CLS remains at heightened risk moreover when administrators refuse to reconcile the direct harm students’ experienced and without resolving their formally filed grievances. In the present for example the chances of Chicana/o students obtaining funding and teaching assistant posts remains elusive. Meanwhile students face a breach of first amendment rights or are threatened with the loss of inter alia scholarships; and without funding their chances of graduating disappears. The door to CLS elimination thereby, opening even further.

Colonial theory accordingly reveals evidentiary rules are manipulated when newer and arbitrary burdens of proof are shifted and where results do not match what power brokers seek to accomplish. See the Dean’s initial charge with her subsequent public denial of the Task Force’s results. Colonialism over gente de color is accomplished when such administrative recalcitrance “fails” to see causative factors leading to the disparate environmental educational culture at MSU and employ the immediate issues for its own purposes. It is not difficult to comprehend why the Dean has formed yet another Task Force comprised of individuals who publicly demonstrated hostility to CLS. In essence while the students’ are exhaustively challenging their forced alienation from a Program that initially drew them to MSU, the administration is thereby throwing gasoline into a raging fire.

Colonialism is thereby accomplished when long ignored intersectionalities are challenged in the production of knowledge. Recall the loss of tenure for faculty producing Latina/o knowledge, or the firing of the Cordova sisters in New Mexico for teaching Chicana/o histories, and the present forced departure of a CLS professor at MSU. Colonialism is revealed where MSU is not seeking to resolve a disparate educational and employment environment.
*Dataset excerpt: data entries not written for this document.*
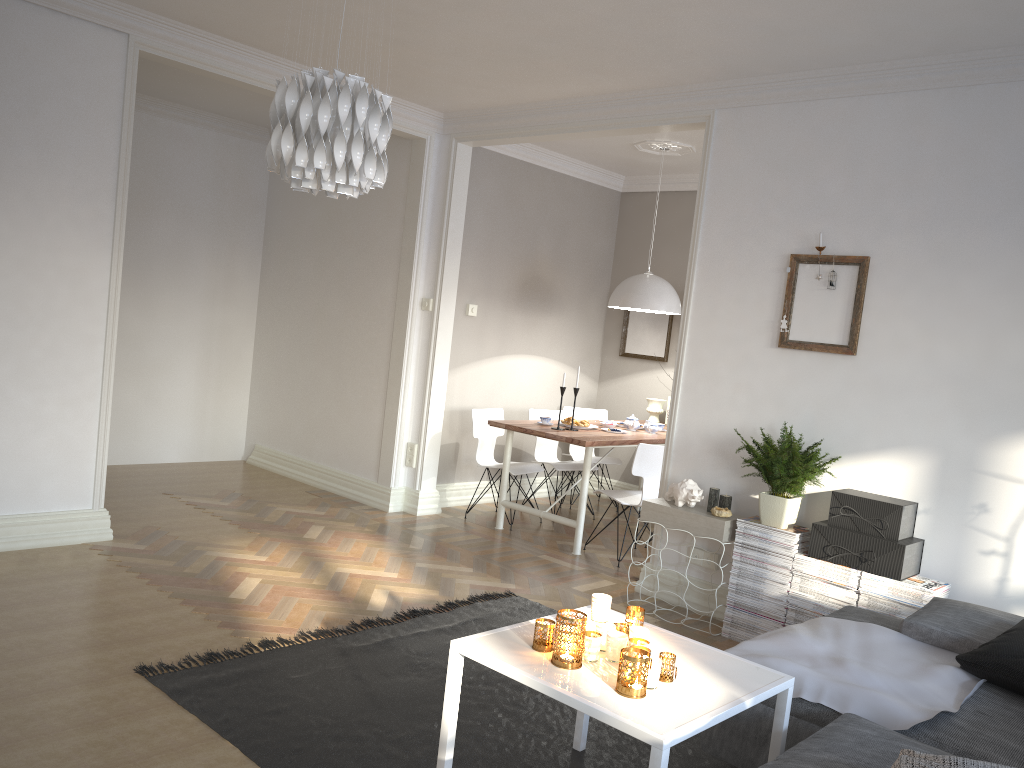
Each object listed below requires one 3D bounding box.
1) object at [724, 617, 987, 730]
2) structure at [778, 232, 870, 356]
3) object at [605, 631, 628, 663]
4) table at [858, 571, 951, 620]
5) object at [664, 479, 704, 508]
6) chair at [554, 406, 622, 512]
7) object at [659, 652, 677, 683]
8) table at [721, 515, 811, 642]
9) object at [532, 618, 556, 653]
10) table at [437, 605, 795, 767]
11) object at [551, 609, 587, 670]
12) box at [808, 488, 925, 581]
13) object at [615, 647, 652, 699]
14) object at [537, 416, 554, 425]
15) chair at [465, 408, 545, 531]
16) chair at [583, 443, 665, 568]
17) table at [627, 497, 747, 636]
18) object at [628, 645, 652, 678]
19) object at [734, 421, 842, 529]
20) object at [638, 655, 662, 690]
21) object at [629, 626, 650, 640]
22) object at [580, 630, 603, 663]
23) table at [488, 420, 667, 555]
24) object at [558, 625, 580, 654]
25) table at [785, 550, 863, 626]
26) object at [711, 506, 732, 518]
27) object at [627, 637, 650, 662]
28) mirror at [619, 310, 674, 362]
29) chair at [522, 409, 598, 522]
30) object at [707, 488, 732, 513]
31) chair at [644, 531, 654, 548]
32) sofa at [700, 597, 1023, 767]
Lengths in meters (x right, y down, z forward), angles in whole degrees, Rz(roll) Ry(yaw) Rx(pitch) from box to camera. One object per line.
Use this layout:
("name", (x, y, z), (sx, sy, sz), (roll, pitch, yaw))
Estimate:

In contrast and specifically, it is seeking the elimination of CLS and with its ultimate disappearance at stake, the University thereby succeeding in this war over knowledge.

[1]This essay is taken from the public record, through personal interview and direct knowledge. See also http://www.xicanocenter.org

[2]Teresa Córdova, Power and Knowledge: Colonialism in The Academy, in Living Chicana Theory, 17 (Carla Trujillo ed., 1998).